難民認定を受けると、日本での権利と義務のもとに暮らしていくことが認められます。

しかし、その過程で彼らにとって大きな壁になるのが「日本語の習得」です。
私たちは、日本語ができないことで困難に直面している難民の方々を目の当たりにしてきました。

日本語ができないから仕事が見つからない

多くの日本企業では、外国人の求職者に高い日本語能力を求めます。大学教授や政府職員などの高度専門人材として祖国で働いていた方でも、日本においては仕事が見つからず困窮している実態があります。

スーパー、病院、市役所などで生活に必要な日本語が話せない

日本語への不安から、体調が悪くても病院に行くことをためらう方。
日本人社会でつながりが築けず、孤独感の中で生活する方。
そんな難民の方々が日本に存在しています。

この状況を自力で打開しようにも、彼らが日本語を学ぶ環境は極めて限定的です。着の身着のままで逃れてきた方も多く、日本語学校の受講料を支払う余力がないことほとんどです。また、政府の委託期間が提供する日本語教育事業は認定基準が高く、提供期間も十分ではありません。NGOなどが日本語教育の機会を提供していますが、資金も人手も不足しており、需要に応えきれていません。

また、こうした事業を通じて提供される日本語学習は、録音された授業を聞くようなプログラムが多く、私たちが支援する難民の方からは、わからない部分を質問できず、理解が進まないとの声もありました。




日本国における難民受け入れ

2016年リオデジャネイロオリンピックで「難民選手団」が登場し、様々な出自の方が集まってチームを結成していたことを覚えていらっしゃる方もいるかもしれません。

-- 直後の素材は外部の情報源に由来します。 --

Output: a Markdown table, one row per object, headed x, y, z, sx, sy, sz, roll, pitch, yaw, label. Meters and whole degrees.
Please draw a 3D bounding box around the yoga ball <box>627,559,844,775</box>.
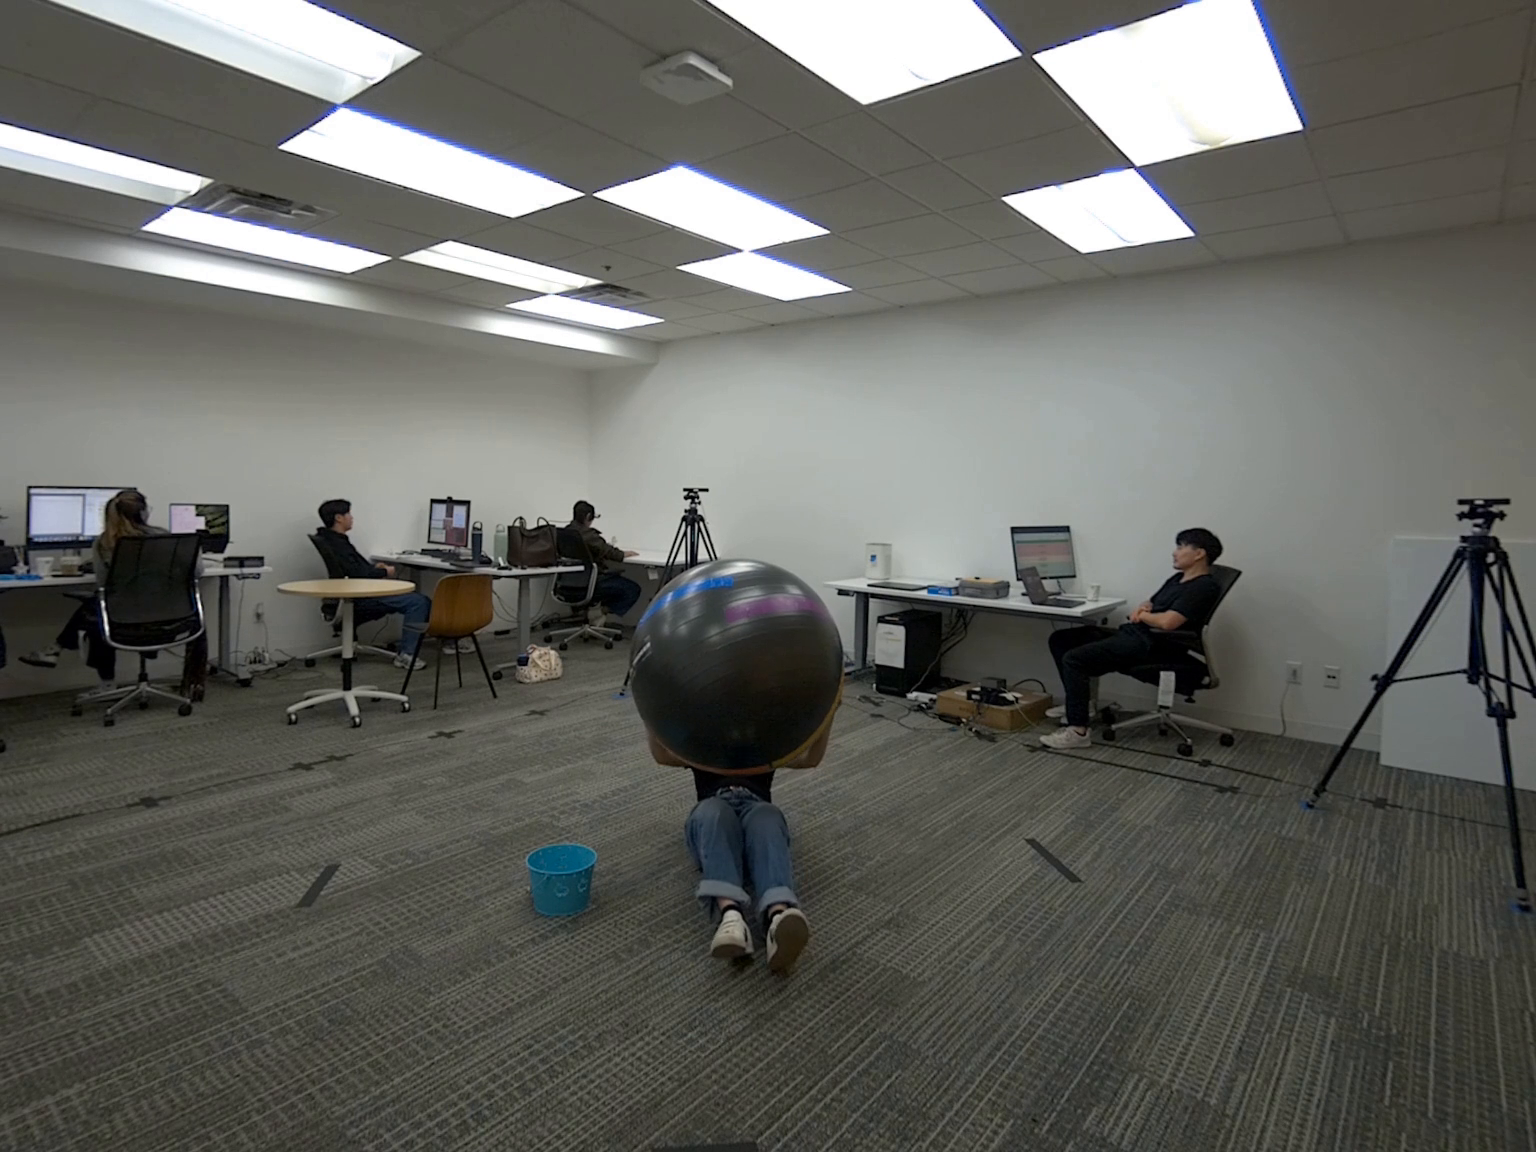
| x | y | z | sx | sy | sz | roll | pitch | yaw | label |
| --- | --- | --- | --- | --- | --- | --- | --- | --- | --- |
| -0.125 | 0.316 | 3.020 | 0.757 | 0.755 | 0.762 | 1 | 4 | -2 | yoga ball |

難民とは、「政治的な迫害のほか、武力紛争や人権侵害などを逃れるために国境を越えて他国に庇護を求めた人々のこと」を指します。本当はずっと暮らしていたかった生まれ故郷を自分の意志に反して、離れなければならなかった方々であり、想像を絶するような経験をし、命からがら逃げてきた方々です。

日本国の難民受け入れは、1981年に難民条約に加盟し、インドシナ難民を受け入れたことから始まります。その後、条約難民やミャンマーからの難民などを受け入れてきました。2016年11月からは国連難民高等弁務官事務所 (UNHCR)を通してシリア難民を留学生として日本国内の大学に受け入れています。

日本で暮らしていると「難民=どこか遠い国での出来事」のように感じるかもしれません。
しかし、実際には多くの難民の方々が日本で暮らしています。


図1は、平成30年の日本における難民認定者数です。合計すると1万5千人近くです。これは日本国内の小さな町や村と同じ水準です。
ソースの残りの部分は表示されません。